El segundo cuestionamiento giró en torno a los casi 1,500 millones de pesos que recibió a través de sus 2 empresas por parte del gobierno, mientras se desempeñaba como funcionaria con Vicente Fox, a lo que aseguró que todos fueron contratos “lícitos”, aunque nunca aclaró si las grandes cantidades que recibió fueron proporcionales a los servicios que ofreció , o si es ético que siendo funcionaria se le favoreciera con contratos tan jugosos.

Es más, en esta oportunidad no negó que los recibiera, aunque señaló que la mayoría del recurso se fue en mano de obra, prestaciones, pago de impuestos, etc, quedándose si acaso con el 8 por ciento. Le dejo este dato para que haga sus cuentas.

Sobre por qué ocultó sus empresas, de las cuales se muestra tan orgullosa, en la última declaración patrimonial que entregó al Contralor Interno del Senado de la República, Xóchitl Gálvez culpó a la misa cámara alta de esta omisión.

“El senado suele ocultar los datos privados” afirmó.

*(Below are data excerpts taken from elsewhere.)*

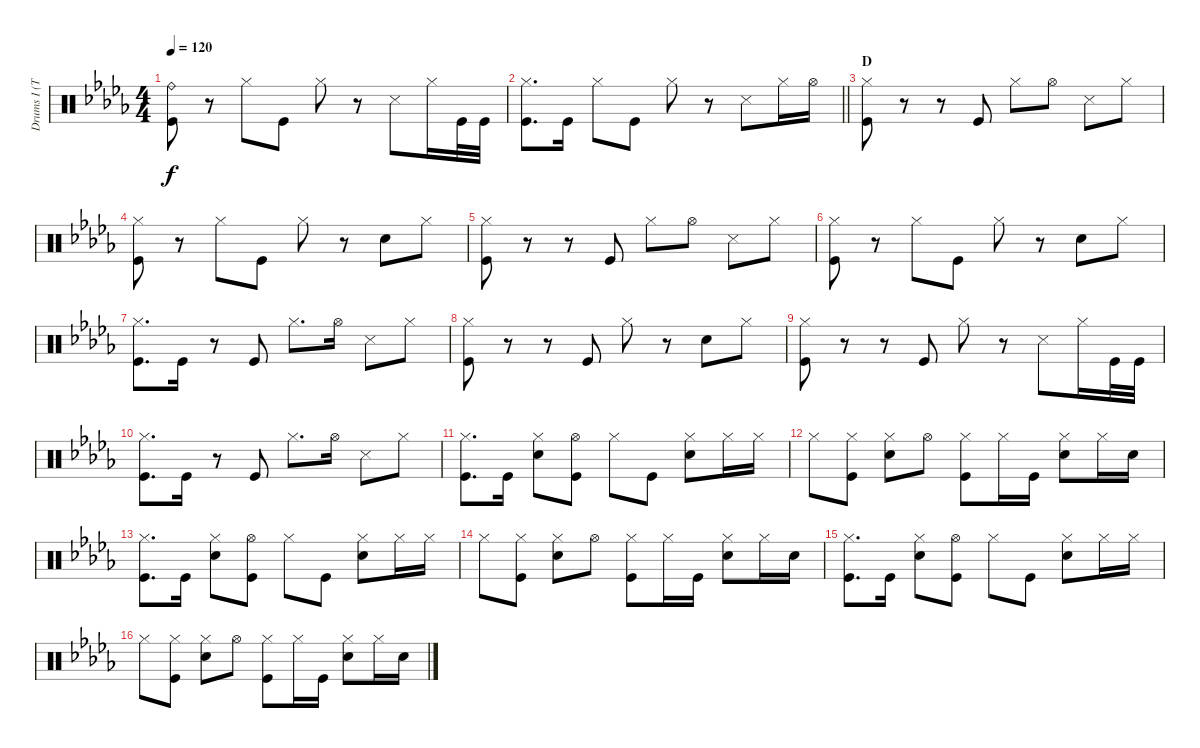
\track ("Drums I (Tainaka Ritsu)" "Drums I (T") {instrument percussion}
\staff {score}
\articulation defaults
\ts (4 4)
\tempo 120
\clef neutral
\ks db
("Ride (bell)" "Kick (hit)").8{dy f} r.8 "Hi-Hat (closed)".8 "Kick (hit)".8 "Hi-Hat (closed)".8 r.8 "Snare (side stick) 3".8 "Hi-Hat (closed)".16 "Kick (hit)".32 "Kick (hit)".32 |
\barLineRight lightlight
("Hi-Hat (closed)" "Kick (hit)").8{d} "Kick (hit)".16 "Hi-Hat (closed)".8 "Kick (hit)".8 "Hi-Hat (closed)".8 r.8 "Snare (side stick) 3".8 "Hi-Hat (closed)".16 "Hi-Hat (open)".16 |
\section ("" "D")
("Hi-Hat (closed)" "Kick (hit)").8 r.8 r.8 "Kick (hit)".8 "Hi-Hat (closed)".8 "Hi-Hat (open)".8 "Snare (side stick) 3".8 "Hi-Hat (closed)".8 |
("Hi-Hat (closed)" "Kick (hit)").8 r.8 "Hi-Hat (closed)".8 "Kick (hit)".8 "Hi-Hat (closed)".8 r.8 "Snare (hit) 2".8 "Hi-Hat (closed)".8 |
("Hi-Hat (closed)" "Kick (hit)").8 r.8 r.8 "Kick (hit)".8 "Hi-Hat (closed)".8 "Hi-Hat (open)".8 "Snare (side stick) 3".8 "Hi-Hat (closed)".8 |
("Hi-Hat (closed)" "Kick (hit)").8 r.8 "Hi-Hat (closed)".8 "Kick (hit)".8 "Hi-Hat (closed)".8 r.8 "Snare (hit) 2".8 "Hi-Hat (closed)".8 |
("Hi-Hat (closed)" "Kick (hit)").8{d} "Kick (hit)".16 r.8 "Kick (hit)".8 "Hi-Hat (closed)".8{d} "Hi-Hat (open)".16 "Snare (side stick) 3".8 "Hi-Hat (closed)".8 |
("Hi-Hat (closed)" "Kick (hit)").8 r.8 r.8 "Kick (hit)".8 "Hi-Hat (closed)".8 r.8 "Snare (hit) 2".8 "Hi-Hat (closed)".8 |
("Hi-Hat (closed)" "Kick (hit)").8 r.8 r.8 "Kick (hit)".8 "Hi-Hat (closed)".8 r.8 "Snare (side stick) 3".8 "Hi-Hat (closed)".16 "Kick (hit)".32 "Kick (hit)".32 |
("Hi-Hat (closed)" "Kick (hit)").8{d} "Kick (hit)".16 r.8 "Kick (hit)".8 "Hi-Hat (closed)".8{d} "Hi-Hat (open)".16 "Snare (side stick) 3".8 "Hi-Hat (closed)".8 |
("Hi-Hat (closed)" "Kick (hit)").8{d} "Kick (hit)".16 ("Hi-Hat (closed)" "Snare (hit) 2").8 ("Hi-Hat (open)" "Kick (hit)").8 "Hi-Hat (closed)".8 "Kick (hit)".8 ("Hi-Hat (closed)" "Snare (hit) 2").8 "Hi-Hat (closed)".16 "Hi-Hat (closed)".16 |
"Hi-Hat (closed)".8 ("Hi-Hat (closed)" "Kick (hit)").8 ("Hi-Hat (closed)" "Snare (hit) 2").8 "Hi-Hat (open)".8 ("Hi-Hat (closed)" "Kick (hit)").8 "Hi-Hat (closed)".16 "Kick (hit)".16 ("Hi-Hat (closed)" "Snare (hit) 2").8 "Hi-Hat (closed)".16 "Snare (hit) 2".16 |
("Hi-Hat (closed)" "Kick (hit)").8{d} "Kick (hit)".16 ("Hi-Hat (closed)" "Snare (hit) 2").8 ("Hi-Hat (open)" "Kick (hit)").8 "Hi-Hat (closed)".8 "Kick (hit)".8 ("Hi-Hat (closed)" "Snare (hit) 2").8 "Hi-Hat (closed)".16 "Hi-Hat (closed)".16 |
"Hi-Hat (closed)".8 ("Hi-Hat (closed)" "Kick (hit)").8 ("Hi-Hat (closed)" "Snare (hit) 2").8 "Hi-Hat (open)".8 ("Hi-Hat (closed)" "Kick (hit)").8 "Hi-Hat (closed)".16 "Kick (hit)".16 ("Hi-Hat (closed)" "Snare (hit) 2").8 "Hi-Hat (closed)".16 "Snare (hit) 2".16 |
("Hi-Hat (closed)" "Kick (hit)").8{d} "Kick (hit)".16 ("Hi-Hat (closed)" "Snare (hit) 2").8 ("Hi-Hat (open)" "Kick (hit)").8 "Hi-Hat (closed)".8 "Kick (hit)".8 ("Hi-Hat (closed)" "Snare (hit) 2").8 "Hi-Hat (closed)".16 "Hi-Hat (closed)".16 |
"Hi-Hat (closed)".8 ("Hi-Hat (closed)" "Kick (hit)").8 ("Hi-Hat (closed)" "Snare (hit) 2").8 "Hi-Hat (open)".8 ("Hi-Hat (closed)" "Kick (hit)").8 "Hi-Hat (closed)".16 "Kick (hit)".16 ("Hi-Hat (closed)" "Snare (hit) 2").8 "Hi-Hat (closed)".16 "Snare (hit) 2".16

Otro tema fue el de su campaña que es impulsada por el grupo que encabeza Claudio X. González, multimillonario dueño de Kimberly Clark y uno de los principales opositores del gobierno actual, aclaró “que los ricos no están detrás de ella” y que no necesita de ningún hombre para sobresalir.

Lo anterior a pesar de que es sabido que la alianza “Va por México”, la misma que guía el proceso para elegir a quien coordinará el Frente Amplio por México, es liderada por Claudio X. González.

“No estoy aquí por Claudio X. González y creo que si nos respetamos entre las mujeres y nos reconocemos…vamos avanzar más” contestó a mi pregunta, que aclaré no tenía que ver con cuestiones de género.

Tras casi 40 minutos de cero propuestas, y más bien reproches, la senadora se trasladó en bicicleta a una reunión con simpatizantes y curiosos en una estacionamiento en un Centro comercial de la ciudad rielera.

El lugar lució con sillas vacías, lo que se puede ver en los vídeos de este portal, además de que, la persona que escribe esta nota, escuchó como dos varones preguntaban si les pasarían lista, lo que evidenció “acarreo”.